For context, this is a typical example of a track’s details in the iTunes GUI:

2022 09 14 iTunesTrackExample

For completeness, dateadded and datemodified are recorded in the File tab.

Now that the data is defined, I can start thinking about the dashboard. But where do I start?

Beginning The Design Process

In this section, I talk about how I got my dashboard design off the ground.

I didn’t decide to write user stories for my iTunes dashboard straightaway. This post took a few versions to get right, so I wanted to spend some time here running through my learning process.

Learning From The Past

This isn’t the first time I’ve made a dashboard for my own use.

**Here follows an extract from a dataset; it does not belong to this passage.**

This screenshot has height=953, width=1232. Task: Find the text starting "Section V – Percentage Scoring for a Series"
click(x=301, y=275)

However, I have some unused and abandoned dashboards that usually have at least one of these problems:

  • They lack clarity and/or vision, resulting in a confusing user experience.
  • The use of excessive tabs causes a navigational nightmare.
  • Visuals are either poorly or incorrectly chosen.
  • Tables include excessive amounts of data. Even with conditional formatting, insights are hard to find.

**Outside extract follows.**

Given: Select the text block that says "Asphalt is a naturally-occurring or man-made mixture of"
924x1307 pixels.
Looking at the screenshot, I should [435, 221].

When I started designing my iTunes dashboard, I was keen to make something that would be useful and stand the test of time. Having read Information Dashboard Design by Stephen Few, it turns out the problems above are common in dashboard design.

In his book, Stephen gives guidance on design considerations and critiques of sample dashboards that are just as useful now as they were when the book was published in 2006.

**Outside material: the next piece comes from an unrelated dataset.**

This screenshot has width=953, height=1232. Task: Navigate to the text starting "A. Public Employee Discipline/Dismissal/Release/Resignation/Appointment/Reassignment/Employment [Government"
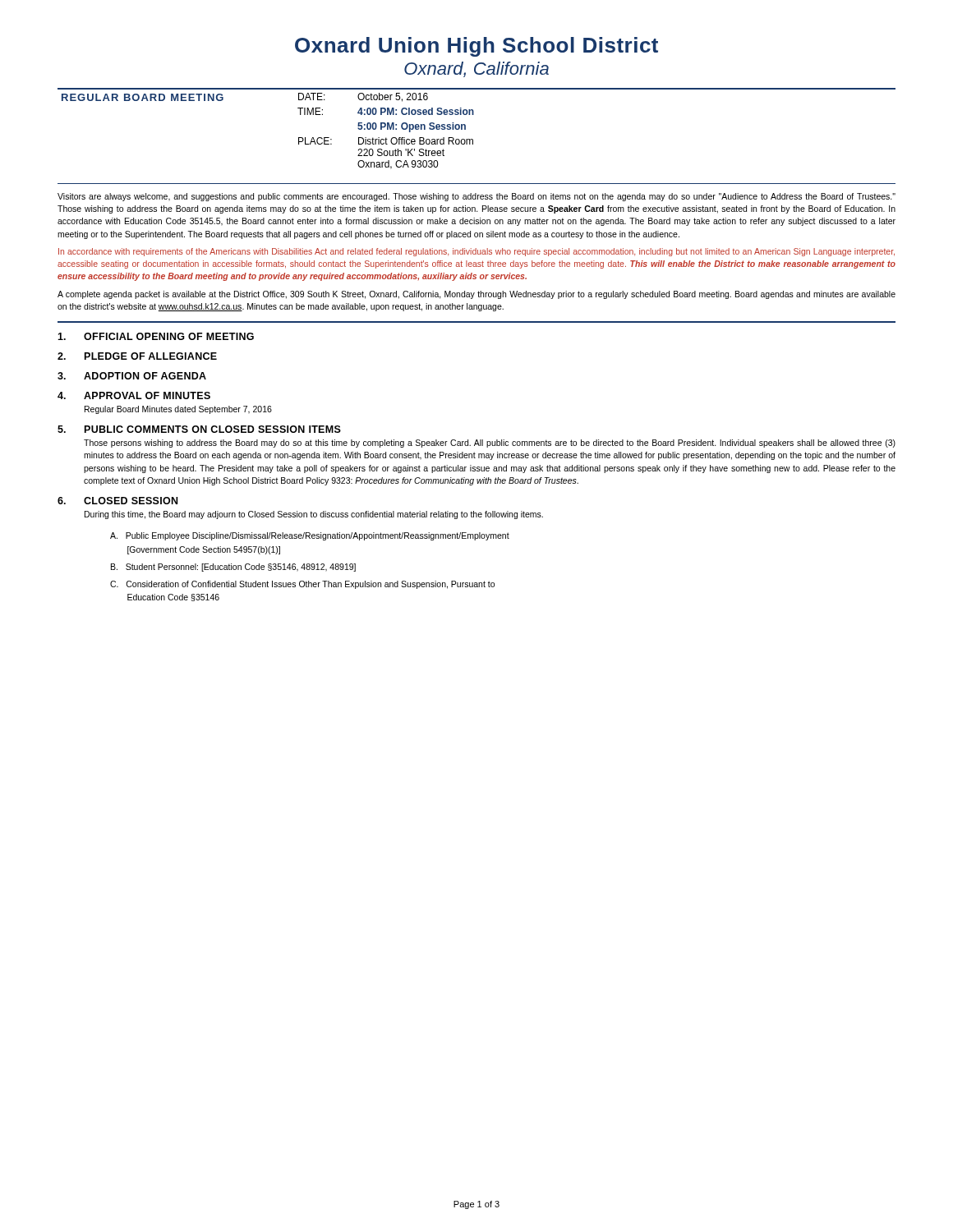tap(310, 543)

So I was now more clued up on design techniques. But that’s only half of what I needed…

What About The User?

I searched online for dashboard design tips while waiting for the book to arrive. While I did get useful results, they didn’t help me answer questions like:

  • How do I identify a dashboard’s purpose and requirements?
  • How do I justify my design choices?
  • What do I measure to confirm that the dashboard adds value?

I was ultimately pointed in the direction of Agile Analytics: A Value-Driven Approach to Business Intelligence and Data Warehousing by Dr Ken Collier. In this book, Ken draws on his professional experience to link the worlds of Business Intelligence and Agile Methodology, including sections on project management, collaboration and user stories.

(I should point out that I’ve only read Chapters 1: Agile Analytics: Management Methods and Chapter 4: User Stories for BI Systems currently, but I’m working on it!)

Wait! I’ve used Agile before! Writing user stories for my iTunes dashboard sounds like a great idea!

So let’s talk about Agile.

Introducing Agile

In this section, I will introduce some Agile concepts and share resources that helped me understand the theory behind them.

Agile Methodology

Agile is a software development methodology focusing on building and delivering software in incremental and iterative steps. The 2001 Manifesto for Agile Software Development declares the core Agile values as:

  • Individuals and interactions over processes and tools.
  • Working software over comprehensive documentation.
  • Customer collaboration over contract negotiation.
  • Responding to change over following a plan.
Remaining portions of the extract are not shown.